Mit Unterstützung des Schulamtes Mönchengladbach wurde für interessierte Schulen eine zweitägige Anwenderschulung zu HAVAS 5 angeboten und durchgeführt. An dieser Fortbildungsmaßnahme nahmen zehn Schulen mit insgesamt 22 Kollegen teil. Themen der Fortbildung waren das Verfahren HAVAS 5, Durchführung des Interviews, Auswertung der Ergebnisse sowie das Erstellen der Sprachprofile und die Entwicklung von Förderschwerpunkten. Die Workshops wurden durch den Koordinator Reinhard Bochmann konzipiert und geleitet.
Für die Region Mönchengladbach bedeutete diese Maßnahme einen erheblichen Transfereffekt, da nun mehr als ein Drittel aller Grundschulen in Mönchengladbach Kenntnisse und Fähigkeiten in der Handhabung von Havas 5 erworben haben.

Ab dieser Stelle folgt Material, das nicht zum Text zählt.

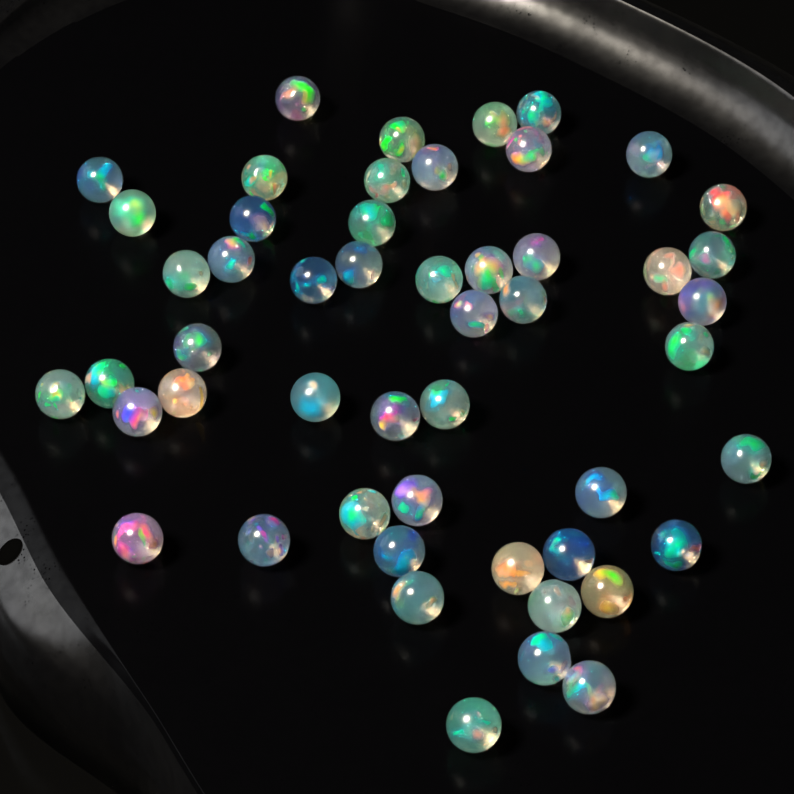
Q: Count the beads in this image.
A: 51
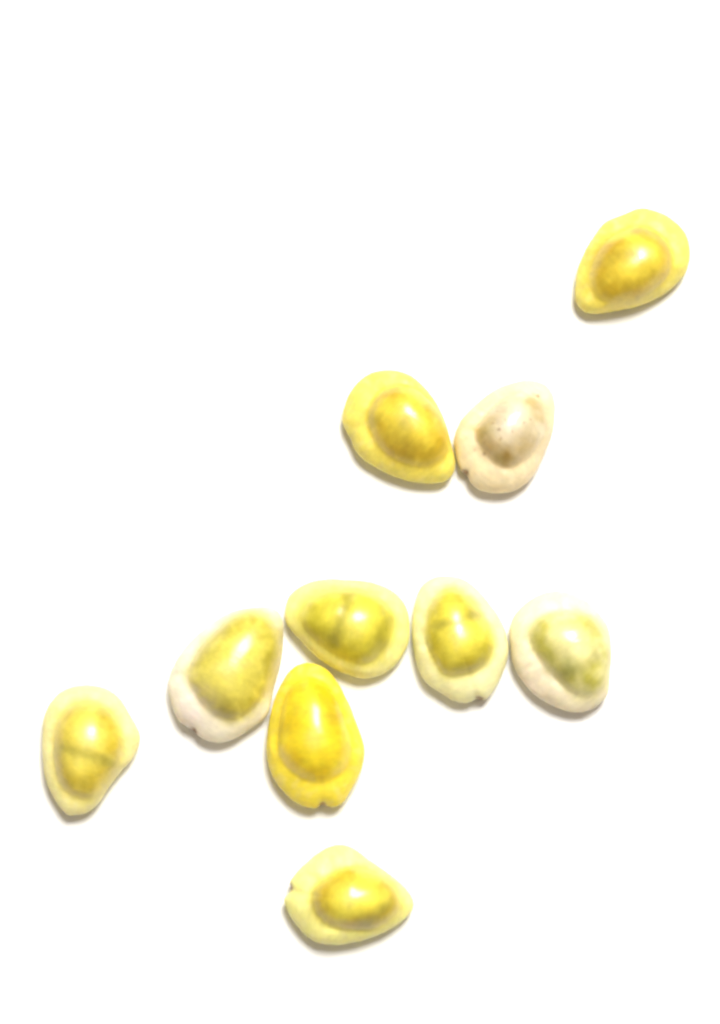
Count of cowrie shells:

Weitere Fortbildungsmaßnahmen in anderen Kollegien als schulinterne Fortbildungsmaßnahme sind für 2007 bereits geplant.
 
Zusammenarbeit mit anderen Stellen und Projekten:
 
An einer Basiseinheit wurden die ersten Grundlagen zur Bildung eines Netzwerkes geschaffen. Dort wurde ein Mitarbeiter des sozialen Dienstes des Jugendamtes Mönchengladbach als ständiger Kooperationspartner gefunden. Dieser Mitarbeiter steht der Schule regelmäßig in Sprechstunden vor Ort als Berater für Schüler, Eltern und Lehrern zur Verfügung.
 
Eigene Einschätzung der Entwicklung in den Basiseinheiten:
 
Alle Basiseinheiten bewerten den Verlauf des Projektes insgesamt als sehr zufriedenstellend. Den eigenen Zuwachs an diagnostischen Kompetenzen schätzen alle Teilnehmer hoch ein. Auch die praktische Tauglichkeit des Verfahrens HAVAS 5 wird positiv bewertet. Als Gründe werden insbesondere die objektivierten Ergebnisse und ihre sinnvolle Verwendung zur Erstellung von individuellen Förderschwerpunkten gesehen. Der kontinuierliche gemeinsame Erfahrungsaustausch in den Konferenzen hat zu einer klareren Sichtweise auch in der didaktisch-methodisch Gestaltung des DAZ-Unterrichts beigetragen.
 
 
Punkt 3:
Länderübergreifende Kooperationen mit FörMig-Projekten
 
 Derzeit gibt es noch keinen Kontakt zu anderen Projekten des Landes.
 
Unterstützung durch den Programmträger
 
Als sinnvolle Unterstützung wurde von den Basiseinheiten die gute Unterstützung durch geeignete Lern- und Fördermaterialien empfunden.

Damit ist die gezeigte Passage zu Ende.